In the fission yeast Schizosaccharomyces pombe, interphase microtubules switch to depolymerization almost exclusively at the poles of the cylindrical cell. Proper localization of these events is crucial for morphogenesis, and is thought to depend on factors preferentially localized at the cell poles. Using computer simulations we analyzed five different models of how microtubule dynamic instability might be regulated in order to reproduce the organization of microtubules observed in vivo. To evaluate the simulations we compared their output to nine traits of interphase cells. Using the simulation we could show that the shape of fission yeast induces forces on microtubule plus ends specifically at the cell poles.

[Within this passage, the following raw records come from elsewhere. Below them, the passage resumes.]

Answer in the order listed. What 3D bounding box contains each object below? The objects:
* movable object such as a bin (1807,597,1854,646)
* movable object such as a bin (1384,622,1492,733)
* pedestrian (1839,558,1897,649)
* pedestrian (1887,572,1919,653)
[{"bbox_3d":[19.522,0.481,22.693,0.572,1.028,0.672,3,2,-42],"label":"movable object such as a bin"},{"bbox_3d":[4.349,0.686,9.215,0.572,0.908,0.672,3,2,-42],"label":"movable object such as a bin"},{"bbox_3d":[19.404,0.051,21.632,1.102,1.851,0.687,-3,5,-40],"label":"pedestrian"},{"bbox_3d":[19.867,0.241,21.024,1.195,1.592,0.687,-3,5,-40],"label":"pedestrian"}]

We found that the effect of these forces on microtubule dynamics was sufficient to reproduce the nine traits without the requirement of pole-specific factors. In vivo experiments with mutant cells confirmed that cell shape is essential for the proper organization of microtubules in fission yeast which indicates that force might also be relevant in living cells. We furthermore applied the simulation to study the organization of microtubules in mutant cells that were deleted of the microtubule tip tracking proteins Mal3 and Tip1. This lead to the proposal of a novel hypothesis how Tip1 might function in vivo to assist force in the discrimination of the cell poles from central parts of the cell cortex.